Un mélodrame délicat et plein de suspense autour des amours empêchées de deux femmes âgées.
Synopsis : Nina et Madeleine sont profondément amoureuses l’une de l’autre. Aux yeux de tous, elles ne sont que de simples voisines vivant au dernier étage de leur immeuble. Au quotidien, elles vont et viennent entre leurs deux appartements et partagent leurs vies ensemble. Personne ne les connaît vraiment, pas même Anne, la fille attentionnée de Madeleine. Jusqu’au jour où un événement tragique fait tout basculer…
Critique : Si les films traitant de l’homosexualité masculine sont désormais multiples, les amours lesbiens surtout quand ils concernent des personnes d’un âge certain, ne bénéficient pas de la même exposition.
Pour son premier long-métrage de fiction, Filippo Meneghetti s’intéresse au parcours de deux femmes qui, après avoir connu des partenaires masculins, décident de finir leur vie ensemble.
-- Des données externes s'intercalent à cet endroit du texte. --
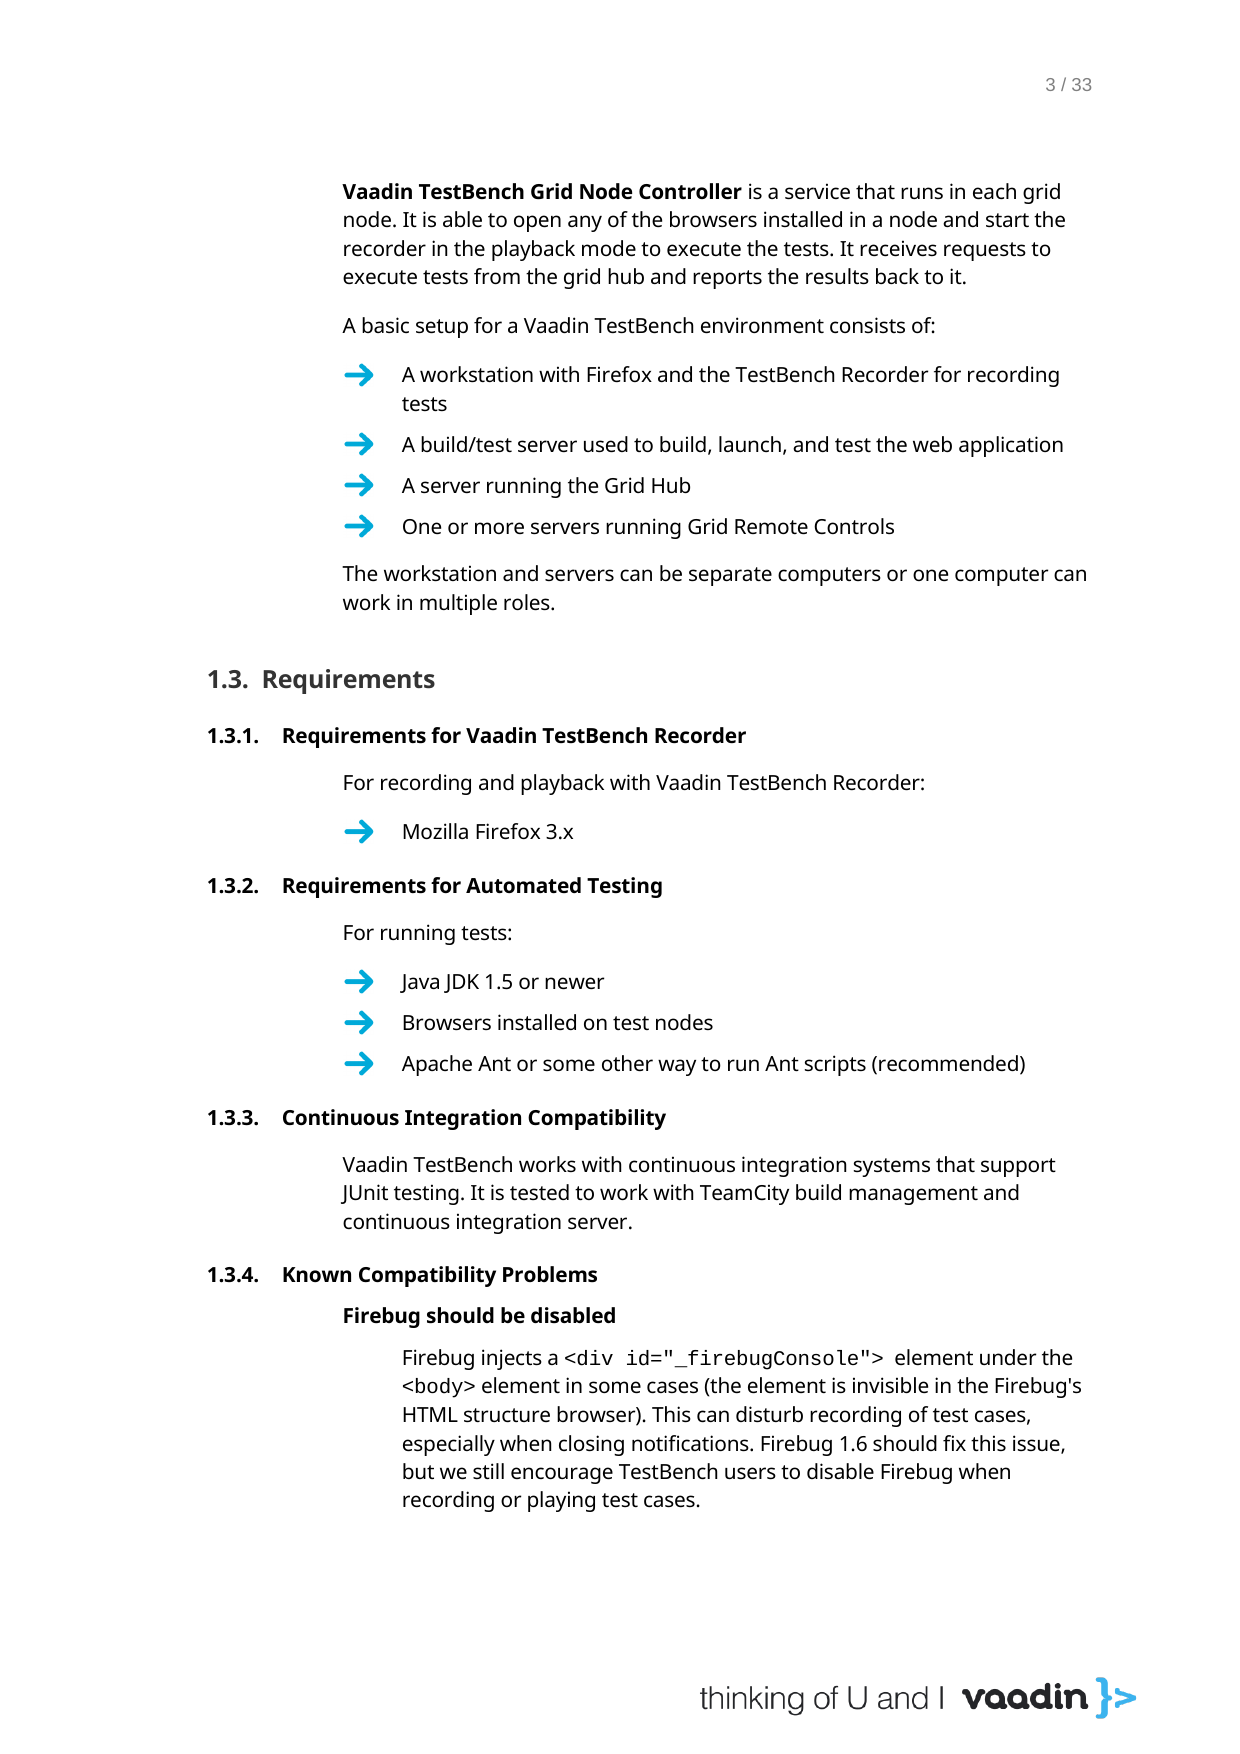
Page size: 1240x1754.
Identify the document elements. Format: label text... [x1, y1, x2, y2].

text For recording and playback with Vaadin TestBench Recorder: [342, 768, 1092, 797]
text Firebug injects a <div id="_firebugConsole"> element under the <body> element in some cases (the element is invisible in the Firebug's HTML structure browser). This can disturb recording of test cases, especially when closing notifications. Firebug 1.6 should fix this issue, but we still encourage TestBench users to disable Firebug when recording or playing test cases. [402, 1343, 1092, 1514]
picture [364, 984, 374, 994]
picture [343, 514, 362, 538]
text For running tests: [342, 918, 1092, 947]
picture [364, 473, 374, 483]
subtitle Known Compatibility Problems [207, 1260, 1092, 1289]
picture [343, 363, 362, 387]
picture [364, 1066, 374, 1076]
picture [343, 1010, 363, 1035]
picture [364, 819, 374, 829]
subtitle Requirements for Automated Testing [207, 871, 1092, 899]
picture [699, 1673, 1139, 1721]
text Vaadin TestBench works with continuous integration systems that support JUnit testing. It is tested to work with TeamCity build management and continuous integration server. [342, 1150, 1092, 1235]
picture [343, 473, 362, 497]
picture [364, 969, 374, 979]
picture [364, 1010, 374, 1020]
text Vaadin TestBench Grid Node Controller is a service that runs in each grid node. It is able to open any of the browsers installed in a node and start the recorder in the playback mode to execute the tests. It receives requests to execute tests from the grid hub and reports the results back to it. [342, 177, 1092, 291]
text A basic setup for a Vaadin TestBench environment consists of: [342, 312, 1092, 340]
picture [364, 377, 374, 387]
list A workstation with Firefox and the TestBench Recorder for recording tests [342, 361, 1092, 417]
picture [364, 487, 374, 497]
list Java JDK 1.5 or newer [342, 967, 1092, 996]
subtitle Requirements for Vaadin TestBench Recorder [207, 721, 1092, 749]
picture [343, 1051, 363, 1076]
list One or more servers running Grid Remote Controls [342, 512, 1092, 540]
picture [364, 363, 374, 373]
picture [364, 446, 374, 456]
picture [343, 432, 362, 456]
picture [364, 432, 374, 442]
list Mozilla Firefox 3.x [342, 817, 1092, 846]
list A build/test server used to build, launch, and test the web application [342, 430, 1092, 458]
subtitle Requirements [207, 662, 1092, 696]
subtitle Continuous Integration Compatibility [207, 1103, 1092, 1131]
text The workstation and servers can be separate computers or one computer can work in multiple roles. [342, 559, 1092, 616]
picture [364, 834, 374, 844]
picture [343, 819, 363, 844]
picture [364, 1051, 374, 1061]
list Apache Ant or some other way to run Ant scripts (recommended) [342, 1049, 1092, 1078]
picture [364, 528, 374, 538]
picture [343, 969, 363, 994]
picture [364, 514, 374, 524]
text Firebug should be disabled [342, 1302, 1092, 1330]
list A server running the Grid Hub [342, 471, 1092, 499]
list Browsers installed on test nodes [342, 1008, 1092, 1037]
picture [364, 1025, 374, 1035]

Il scrute subtilement l’impact du regard des autres sur nos comportements, de ce miroir déformant de nous-mêmes façonné par la vision de ceux qui nous entourent.
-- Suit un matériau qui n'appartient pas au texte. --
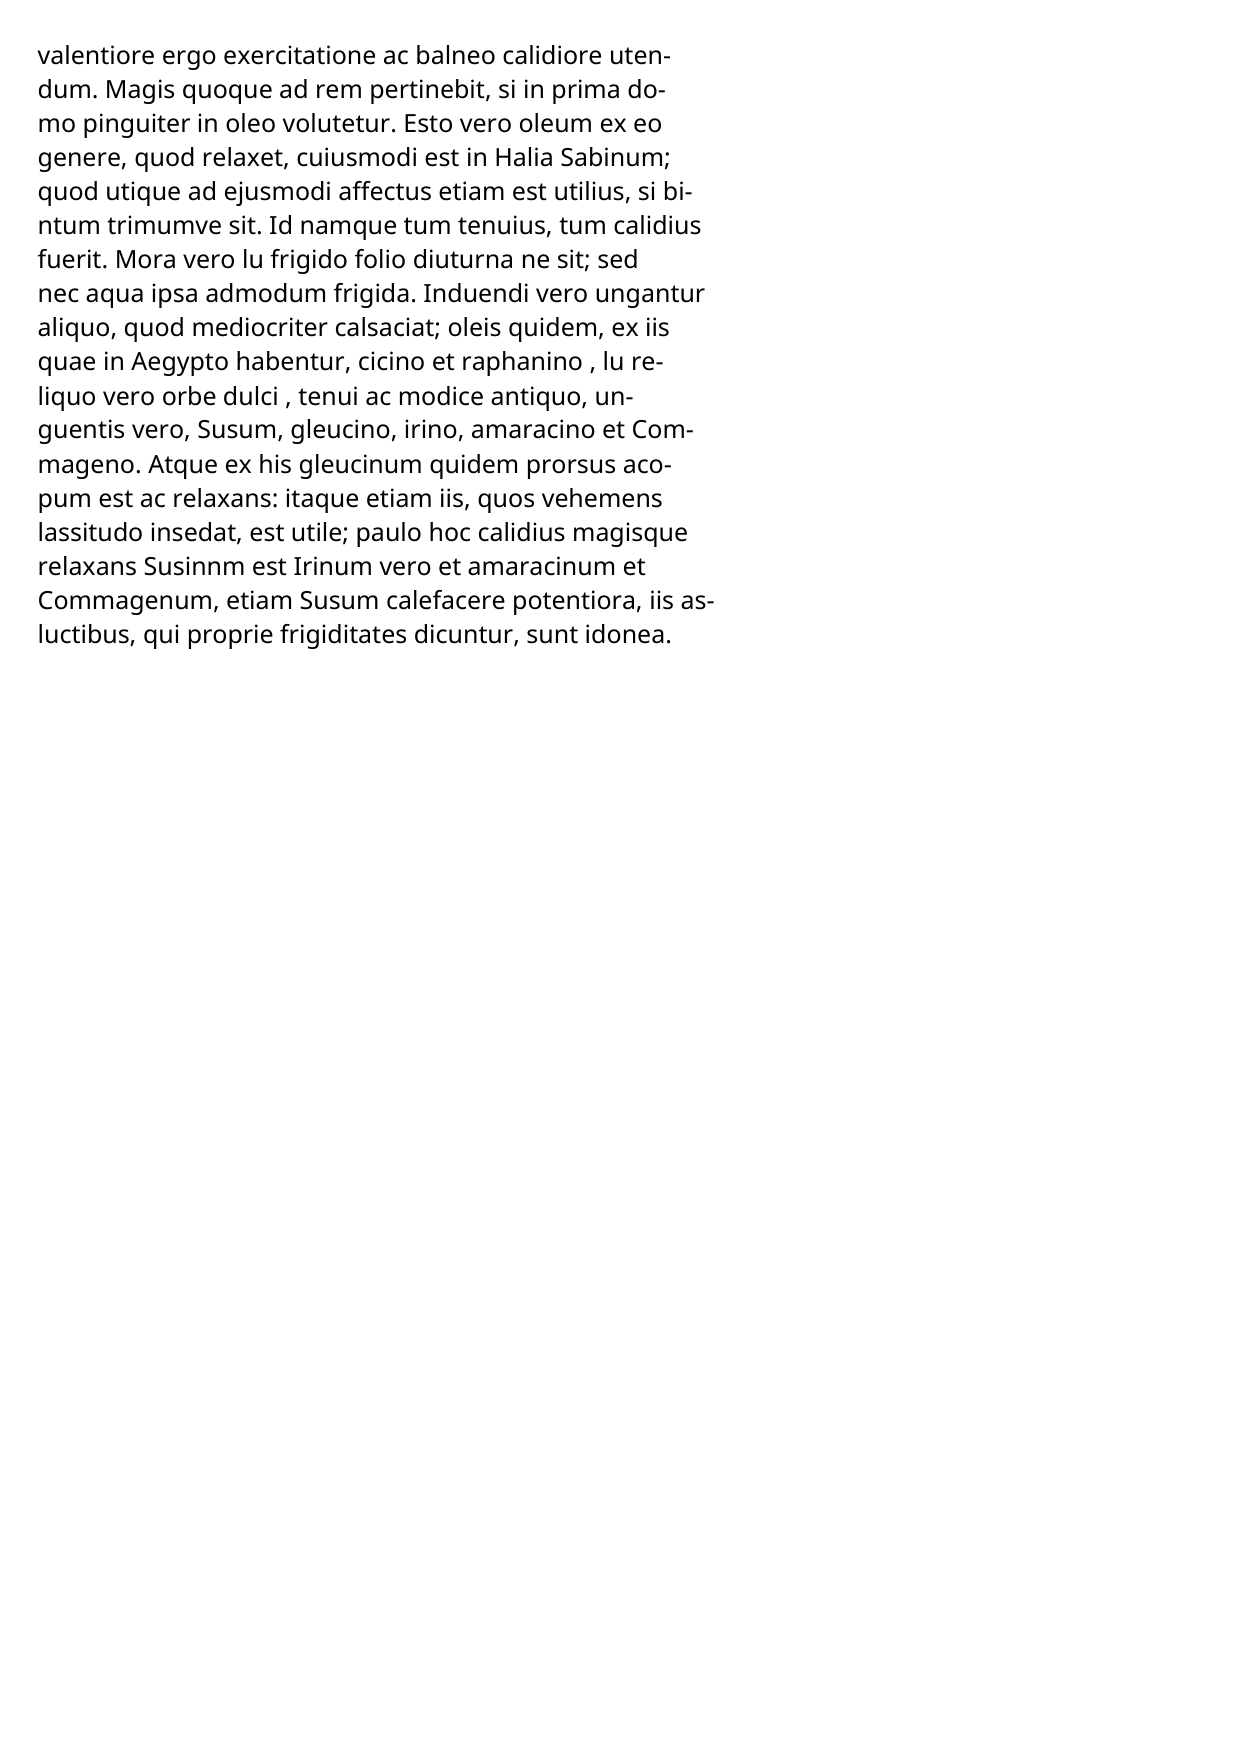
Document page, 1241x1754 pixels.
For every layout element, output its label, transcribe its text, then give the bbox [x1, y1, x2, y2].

text valentiore ergo exercitatione ac balneo calidiore uten- dum. Magis quoque ad rem pertinebit, si in prima do- mo pinguiter in oleo volutetur. Esto vero oleum ex eo genere, quod relaxet, cuiusmodi est in Halia Sabinum; quod utique ad ejusmodi affectus etiam est utilius, si bi- ntum trimumve sit. Id namque tum tenuius, tum calidius fuerit. Mora vero lu frigido folio diuturna ne sit; sed nec aqua ipsa admodum frigida. Induendi vero ungantur aliquo, quod mediocriter calsaciat; oleis quidem, ex iis quae in Aegypto habentur, cicino et raphanino , lu re- liquo vero orbe dulci , tenui ac modice antiquo, un- guentis vero, Susum, gleucino, irino, amaracino et Com- mageno. Atque ex his gleucinum quidem prorsus aco- pum est ac relaxans: itaque etiam iis, quos vehemens lassitudo insedat, est utile; paulo hoc calidius magisque relaxans Susinnm est Irinum vero et amaracinum et Commagenum, etiam Susum calefacere potentiora, iis as- luctibus, qui proprie frigiditates dicuntur, sunt idonea. [37, 37, 1203, 651]

Nina (Barbara Sukowa, égérie de la nouvelle vague allemande des années 80) et Martine Chevallier, sociétaire de la Comédie-Française, sont deux retraitées qui habitent les deux appartements du dernier étage d’un immeuble dans une ville de province. Pour ne pas rester seules, elles ont l’habitude de passer leur après-midi ensemble à bavarder ou à prendre le thé. Et quand elles sont chacune chez elles, elles laissent la porte ouverte au cas où l’une aurait besoin de l’assistance de l’autre. C’est en tout cas la version officielle, celle admise par leur entourage. Mais la vérité est un peu différente, puisque voilà plusieurs années que Nina et Madeleine s’aiment.
Si Nina est depuis toujours une femme libre et indépendante, il en va autrement pour Madeleine qui a eu un mari et a deux grands enfants, Anne (Léa Drucker) et Frédéric (Jérôme Varanfrain), à qui elle a du mal à avouer la nature exacte de sa relation avec Nina. Et c’est bien ce qui cause la colère soudaine et violente de Nina quand elle constate qu’une fois encore, Madeleine n’a pas eu le courage d’annoncer à ses enfants qu’elles souhaitaient vendre leurs appartements respectifs pour s’installer à Rome afin de vivre leur amour en toute tranquillité. Devant un public ébahi, elle se venge sur l’agent immobilier et lui jette à la face « Ça vous pose un problème les vieilles gouines ? ». De toute évidence, ce jeune homme ne s’offusque guère de cette homosexualité. Pas plus d’ailleurs qu’Anne avec qui Madeleine entretient des relations harmonieuses. Mais Madeleine qui a toujours mené une existence bourgeoise (la riche décoration de son appartement en atteste) et est attachée aux convenances sociales, est effrayée de n’être pas dans la norme.
Mais le sort va bousculer tous leurs projets le jour où Madeleine est victime d’un AVC. Reléguée au second plan par une assistante de vie zélée (Muriel Benazeraf) et présente jour et nuit au chevet de Madeleine, Nina, persuadée d’être la seule à pouvoir permettre à Madeleine de recouvrer une bonne santé, déploie des trésors de machiavélisme. Entraîné dans un imbroglio de mensonges, de méchanceté et de manipulation, le mélodrame prend brusquement la forme d’un thriller de mœurs.
Si la scène d’ouverture distille un léger parfum de mystère, c’est dans un écrin de réalisme riche d’oppositions et de contrastes que le réalisateur inscrit son message d’amour, porté par deux comédiennes magistrales qui captent toute l’attention. Grâce au Scope, procédé cinématographique qu’il affectionne, la caméra ne capture que les moments essentiels, toujours empreints d’une profondeur et d’une humanité qu’un scénario (coécrit avec Malysone Bovorasmy) tout en retenue met en exergue. Les seconds rôles ne sont pas en reste. Après Jusqu’à la garde, Léa Drucker confirme la justesse de son jeu et Muriel Benazeraf, victime innocente d’une situation qui la dépasse, complète d’une ultime touche d’intensité ce quatuor hors du commun.